Traduzione De Bello Gallico, Aulo Irzio, Versione di Latino, Libro 08; 15-16

Di Redazione Studenti.

Traduzione in italiano del testo originale in latino del Libro 08; paragrafi 15-16 dell'opera De Bello Gallico di Aulo Irzio

DE BELLO GALLICO: TRADUZIONE DEL LIBRO 08; PARAGRAFI 15-16

15. I barbari, forti della posizione, non avrebbero rifiutato lo scontro, se i Romani avessero tentato un attacco al colle; ma non potevano inviare soldati in piccoli gruppi, per evitare che si scoraggiassero, una volta sparpagliati; perciò mantennero la stessa formazione. Cesare, di fronte alla loro pervicacia, lascia pronto un distaccamento di venti coorti e, tracciato il campo, ordina di fortificarlo. Terminati i lavori, schiera le legioni, le dispone, in pieno assetto, dinnanzi al vallo e piazza di guardia i cavalieri con i loro cavalli tenuti a briglia.

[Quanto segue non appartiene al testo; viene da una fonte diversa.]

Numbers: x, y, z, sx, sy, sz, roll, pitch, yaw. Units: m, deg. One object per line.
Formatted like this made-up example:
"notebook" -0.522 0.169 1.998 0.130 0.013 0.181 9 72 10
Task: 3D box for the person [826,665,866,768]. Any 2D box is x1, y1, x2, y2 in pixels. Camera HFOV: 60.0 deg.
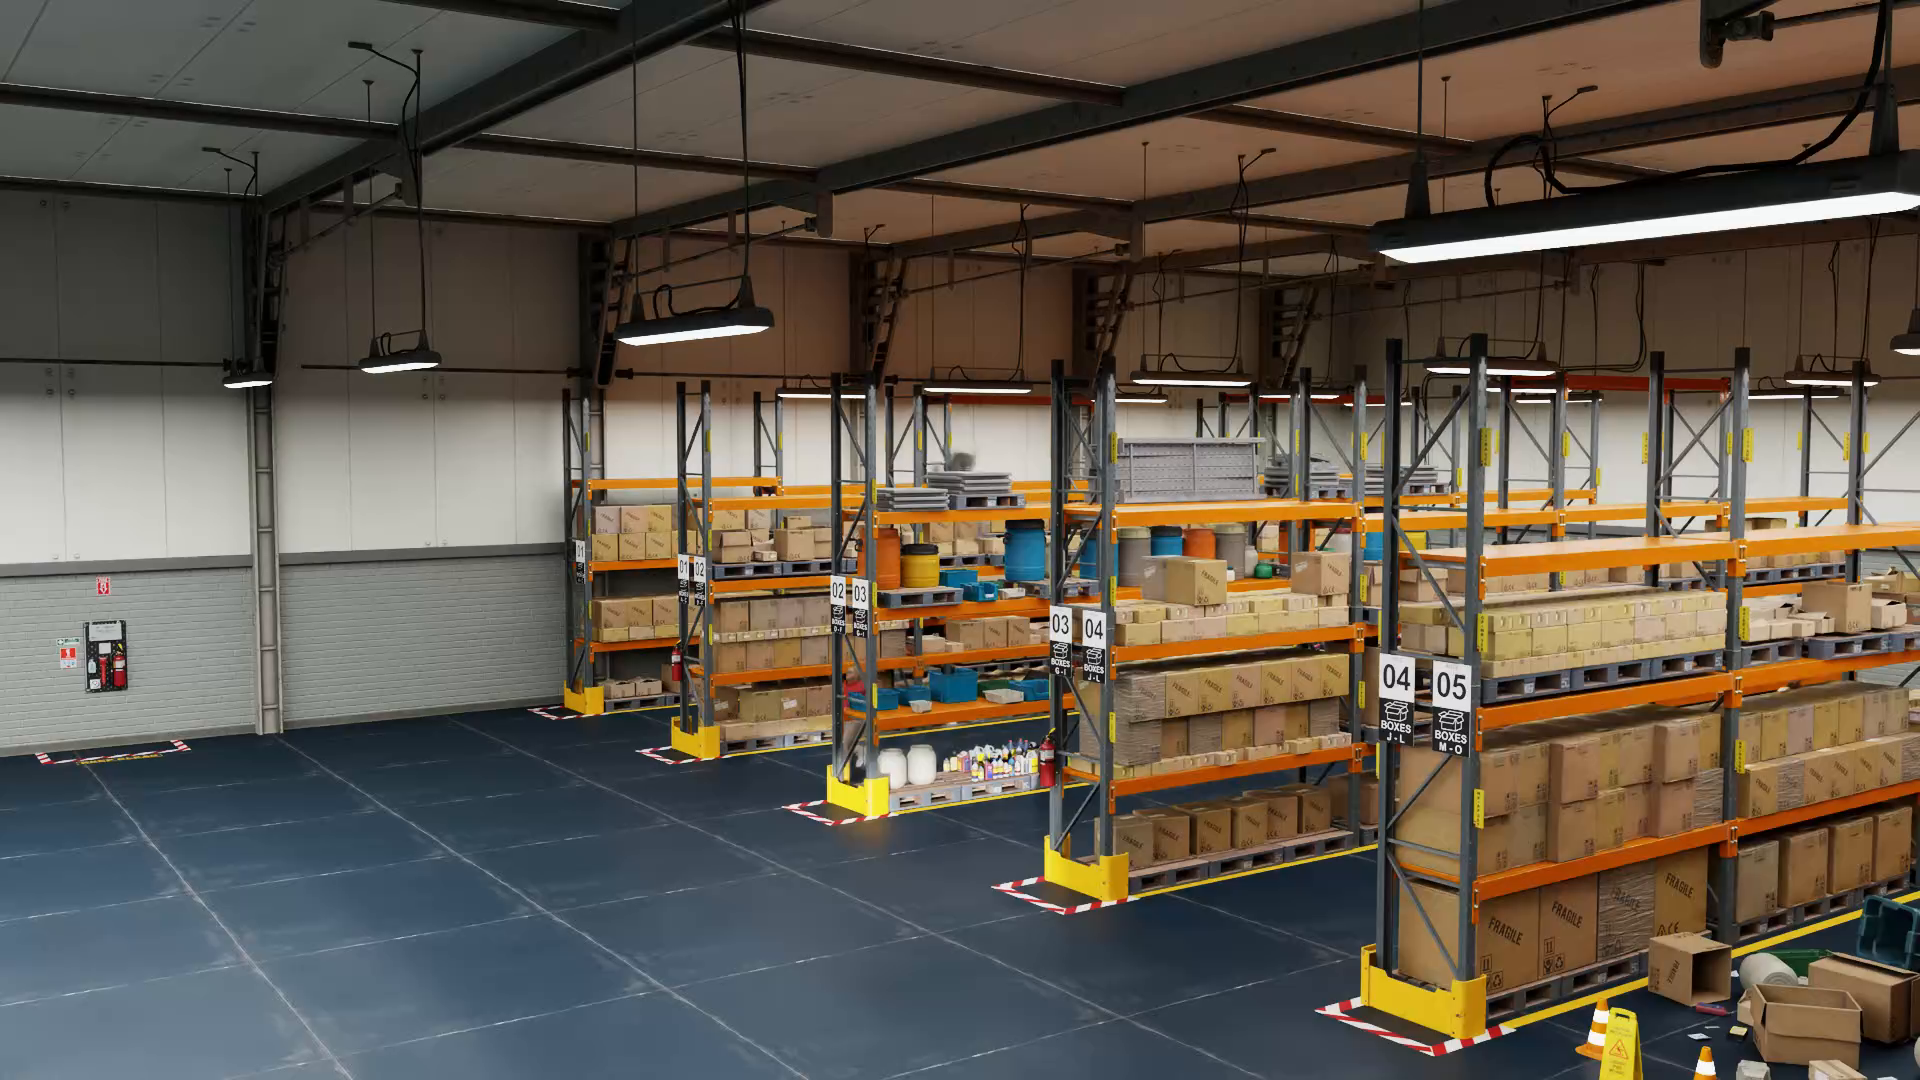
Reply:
"person" -1.640 2.717 24.855 0.858 1.684 0.665 -4 5 -45

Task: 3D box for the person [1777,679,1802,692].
"person" 11.930 2.723 23.851 0.990 1.752 0.701 -3 5 -40

I Bellovaci, vedendo i Romani pronti all'inseguimento e non potendo né pernottare, né rimanere più a lungo in quel luogo senza correre pericoli, decidono la ritirata con il seguente stratagemma. le fascine di paglia e frasche su cui sedevano (infatti, i Galli sono soliti sedere su fascine, come ricorda Cesare nei precedenti commentari) e che abbondavano nel loro accampamento, se le passarono di mano in mano e le posero dinnanzi alla loro linea Quando il giorno volgeva al termine, contemporaneamente, a un segnale stabilito, le incendiano. Così, un muro di fiamme, all'improvviso, coprì ai Romani la vista di tutte le truppe nemiche. E subito i barbari ripiegarono con grandissima rapidità. 16. Cesare, anche se non aveva potuto vedere la ritirata dei nemici per le fiamme che gli si paravano dinnanzi, sospettava comunque che lo stratagemma servisse a una fuga Perciò, fa avanzare le legioni e lancia all'inseguimento gli squadroni di cavalleria. Temendo, però, un'imboscata, nel caso che i nemici fossero rimasti nella loro posizione e cercassero solo di attirare i nostri in una zona svantaggiosa, procede con una certa lentezza. I cavalieri non osavano spingersi nella densissima cortina di fumo e di fiamme; se qualcuno vi era entrato per l'eccessivo slancio, vedeva a stento la testa del proprio cavallo; temendo, dunque, un agguato, lasciarono che i Bellovaci si ritirassero senza difficoltà. Così, dopo una fuga dettata dal timore, ma al contempo piena di astuzia, senza aver subito alcuna perdita, i nemici procedettero per non più di dieci miglia e si attestarono in una zona ben munita. Da lì, appostandosi di continuo con i cavalieri e i fanti, infliggevano gravi perdite ai Romani in cerca di foraggio.